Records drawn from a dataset
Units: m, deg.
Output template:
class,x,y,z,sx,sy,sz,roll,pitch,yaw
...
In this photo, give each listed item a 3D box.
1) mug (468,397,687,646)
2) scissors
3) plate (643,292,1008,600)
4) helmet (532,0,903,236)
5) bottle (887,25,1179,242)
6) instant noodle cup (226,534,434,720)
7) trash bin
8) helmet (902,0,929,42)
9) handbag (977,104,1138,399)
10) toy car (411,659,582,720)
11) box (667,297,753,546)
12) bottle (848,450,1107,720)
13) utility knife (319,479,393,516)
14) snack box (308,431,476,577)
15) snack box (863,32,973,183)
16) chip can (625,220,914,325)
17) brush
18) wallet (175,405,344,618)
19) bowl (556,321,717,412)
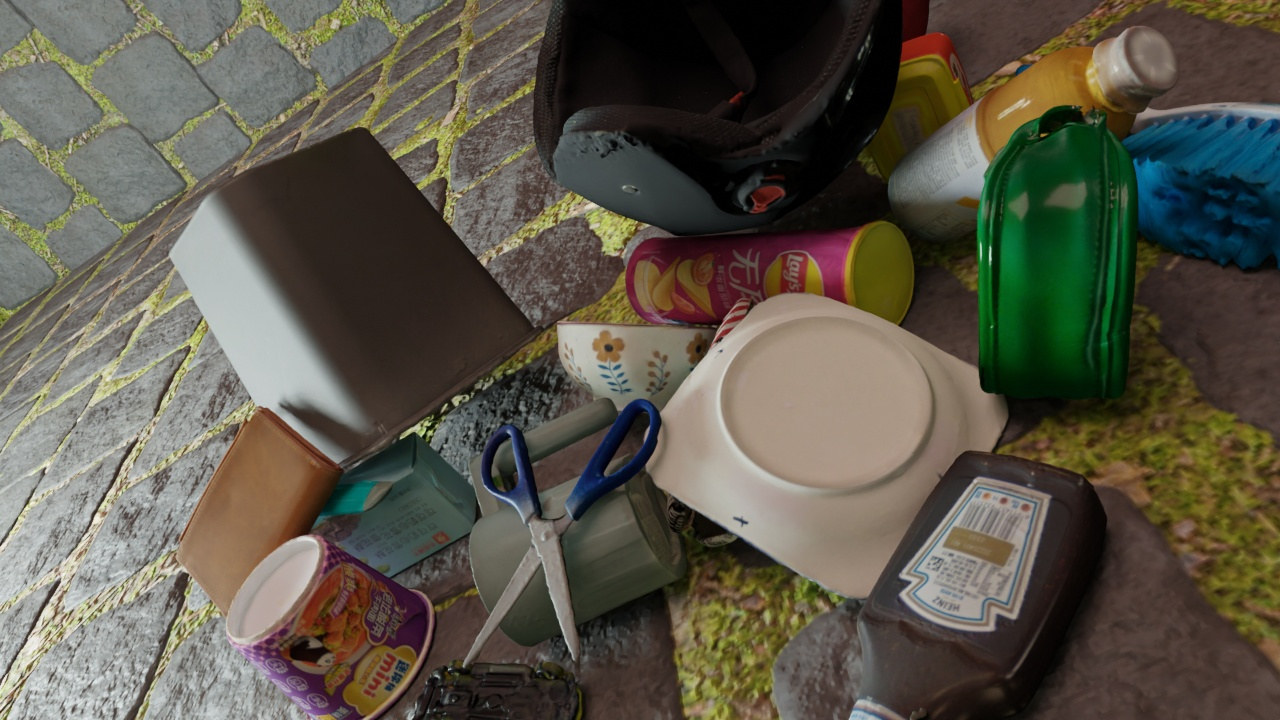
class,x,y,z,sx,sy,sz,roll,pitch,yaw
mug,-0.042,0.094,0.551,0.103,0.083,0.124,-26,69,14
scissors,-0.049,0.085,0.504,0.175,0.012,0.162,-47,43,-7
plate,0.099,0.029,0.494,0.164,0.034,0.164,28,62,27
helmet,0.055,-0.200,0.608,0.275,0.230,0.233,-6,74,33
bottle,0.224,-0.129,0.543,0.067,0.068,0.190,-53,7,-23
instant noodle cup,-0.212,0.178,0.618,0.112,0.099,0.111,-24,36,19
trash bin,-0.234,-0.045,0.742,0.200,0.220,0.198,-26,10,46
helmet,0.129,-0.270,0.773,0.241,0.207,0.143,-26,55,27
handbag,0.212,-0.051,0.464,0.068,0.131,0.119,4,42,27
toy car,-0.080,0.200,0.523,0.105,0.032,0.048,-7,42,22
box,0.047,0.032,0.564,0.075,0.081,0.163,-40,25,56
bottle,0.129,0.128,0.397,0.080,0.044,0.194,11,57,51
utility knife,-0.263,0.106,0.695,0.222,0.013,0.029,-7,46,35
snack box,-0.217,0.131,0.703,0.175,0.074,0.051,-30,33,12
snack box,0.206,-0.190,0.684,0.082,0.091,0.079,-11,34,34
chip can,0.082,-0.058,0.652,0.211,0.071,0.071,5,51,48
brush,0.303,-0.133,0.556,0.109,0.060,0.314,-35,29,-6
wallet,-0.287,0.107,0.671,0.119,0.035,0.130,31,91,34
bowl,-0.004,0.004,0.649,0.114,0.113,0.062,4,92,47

> ASSIGNED TASK
Could you write out, exactly as they stand, only the lines above that begin at the line with "5) bottle (887,25,1179,242)" and stop after the line with "18) wallet (175,405,344,618)"?

> RESPONSE FOR THIS EXERCISE
5) bottle (887,25,1179,242)
6) instant noodle cup (226,534,434,720)
7) trash bin
8) helmet (902,0,929,42)
9) handbag (977,104,1138,399)
10) toy car (411,659,582,720)
11) box (667,297,753,546)
12) bottle (848,450,1107,720)
13) utility knife (319,479,393,516)
14) snack box (308,431,476,577)
15) snack box (863,32,973,183)
16) chip can (625,220,914,325)
17) brush
18) wallet (175,405,344,618)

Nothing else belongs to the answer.